**TASK TO COMPLETE:**
Across the entries that follow, tally every line holding the word "roll" and reply with the count alone.

**PROVIDED DATA:**
>>>>>

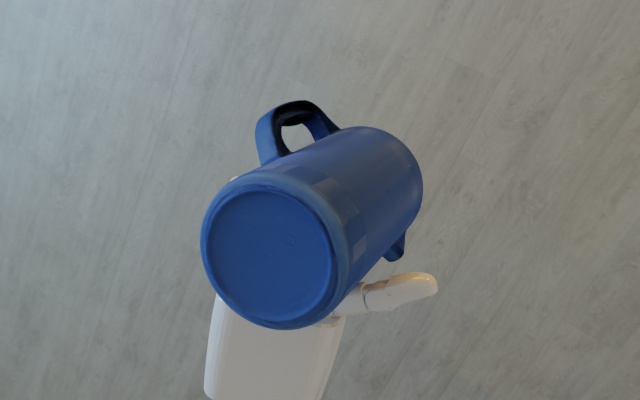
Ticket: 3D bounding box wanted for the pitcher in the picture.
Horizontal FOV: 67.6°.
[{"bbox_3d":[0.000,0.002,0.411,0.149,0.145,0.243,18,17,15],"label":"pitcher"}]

<<<<<
>>>>>

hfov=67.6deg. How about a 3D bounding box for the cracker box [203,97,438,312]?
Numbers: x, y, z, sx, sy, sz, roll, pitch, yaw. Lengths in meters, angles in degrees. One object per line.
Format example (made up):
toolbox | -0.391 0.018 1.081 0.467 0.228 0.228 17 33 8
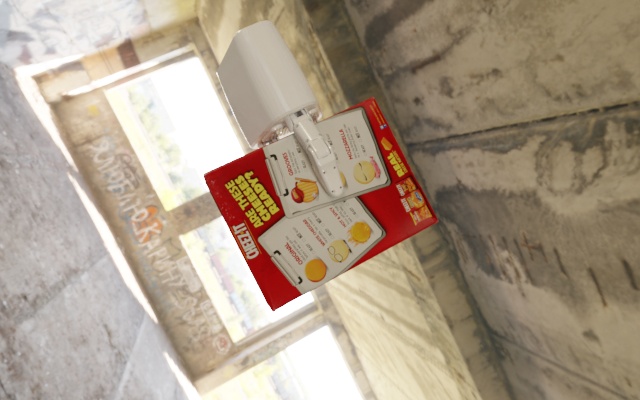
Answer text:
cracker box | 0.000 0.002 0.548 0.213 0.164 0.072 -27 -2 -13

<<<<<
>>>>>

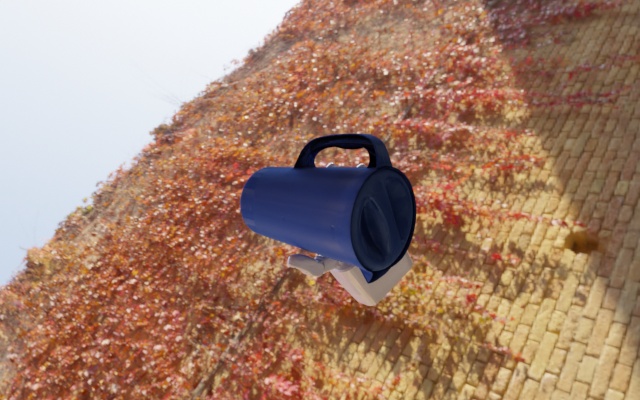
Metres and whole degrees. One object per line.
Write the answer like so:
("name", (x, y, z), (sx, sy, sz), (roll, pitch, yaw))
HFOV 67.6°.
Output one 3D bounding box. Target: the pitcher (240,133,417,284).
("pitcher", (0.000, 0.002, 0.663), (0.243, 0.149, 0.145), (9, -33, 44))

<<<<<

**RESULT:**
2